Big Data has been trending in social media for years now. The concept is not a new one and it includes a set of different technologies that provide different applications for different industries. Leveraging from diverse Big Data sets that are available internally or externally, Big Data is characterized by the variety, the volume and the velocity that is produced and therefore, cannot be processed or analysed by more conventional methods such as Databases.
However, there is still a lot of confusion around the mix of technologies that are required, with productised solution platforms currently available in the market, still at their very early stage and with a total cost of ownership in order to gather, store, maintain and analyse Big Data still very high.
So, let’s agree on one thing; Big Data still remains a hype and a buzzword rather than a feasible solution option, especially for organisations that are not large enough to invest big on Big Data.
On the other side, and by all means, Big Data investments will certainly be proven to be beneficial in the near future, especially when combined with analytics capabilities and a clear vision for the future. This article provides answers to key questions and tips for creating a clear strategy to deliver Big Insights and prevent Big Data investment from becoming Big Rubbish.
What should a Big Data solution be?
As for most problems in today’s complicated world, there is not a single solution that fits all problems. You will need to identify the optimal mix of technologies and create a scalable, flexible environment that will serve your needs and plans for your future and align your business objectives and strategic priorities.
But, as Big Data will continue to grow and become even Bigger, Advanced Analytics always needs to be the core component in any Big Data solution in order to effectively operationalise and optimise data related processes and derive actionable insights and business value.
Big Data without Advanced Analytics capabilities will simply result in data overload, noise and unavoidably Big Rubbish. It is not the increasing volume of Big Data that will answer your business problems or the increasing computational power or storage capacity, but the analytical algorithms that will allow you to mine Big Data sets and discover hidden patterns and associations.
What type of Big Data do I need?
Again, there is not a single golden rule that should always be followed, as the answer relies on the industry, the activities and the environment in which each organisation operates, and most importantly on the business problem that needs to be addressed.

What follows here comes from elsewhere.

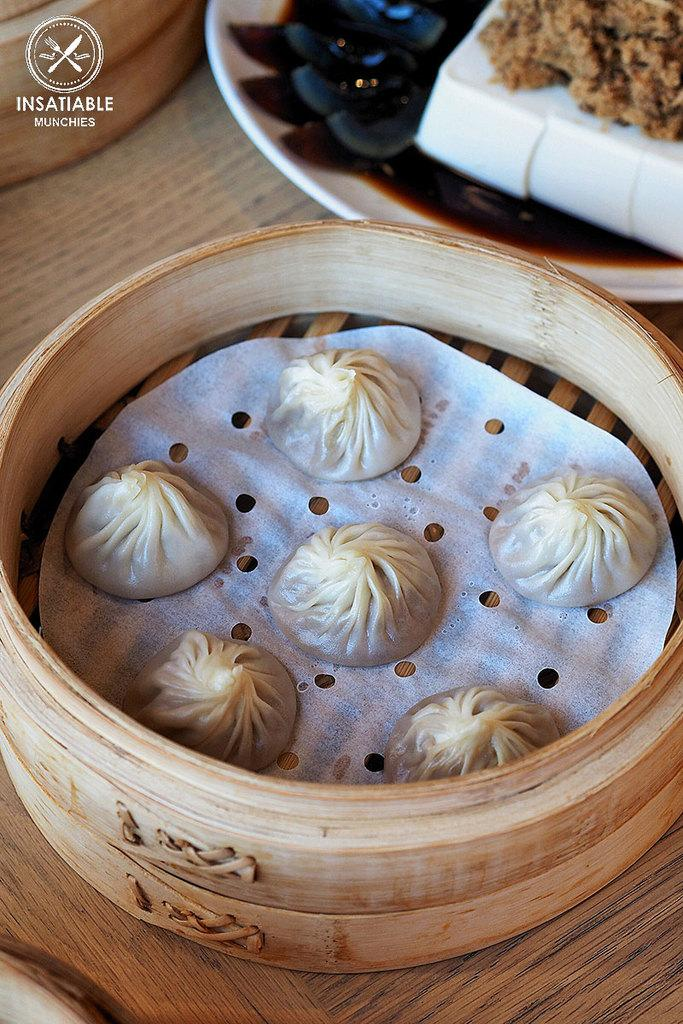What type of food is visible in the image? There are momos in the image. What is the momos placed on? There is a plate in the image. What is on top of the plate? There is a food item on the plate. Is there a volcano erupting in the image? No, there is no volcano or any indication of an eruption in the image.

Big Data sources vary in terms of structure, origin and nature. For example, for a financial institution that aims to improve customer service, Big Data can originate from structured CRM/Marketing, Sales and Transactional data sets, unstructured Social Media text and external Social Economic data from surveys. For a manufacturing company that wants to reduce production downtime, Big Data can originate from Asset Management Systems, Supervisory control and data acquisition (SCADA) systems, Inspections and Production yields, and also Weather Data and Internet of Things (IoT) Sensors readings from machines’ equipment.
How Big should my Big Data be?
Analysing Big Data sources can result in Big Insights, however they can also result in Big Noise and Big Rubbish. A balance between Big Data sources and targeted, representative samples (Small Data), and also between traditional modelling techniques and artificial intelligence, deep learning and machine learning algorithms, should be maintained. Variable selection and sampling is still important for an accurate statistical model and access to Big Data is the key component for that. It will provide data scientists the required bandwidth to build differentiated analytical models that can address different business problems and reveal associations and correlations, while Small Data, or appropriate relevant data samples will help you to reveal the root causes and produce accurate predictions and targeted actions for future events.
What other things should I consider?
Even if Big Data is technology-intensive deployments, peoples’ skills are still and will remain important for deriving business value from data processes. They will prevent your Big Data efforts becoming Big Rubbish and will increase return on investment. Experienced data scientists with appropriate skills and training, combined with a project governance system will definitely add clarity to your efforts and create a competitive advantage for the future.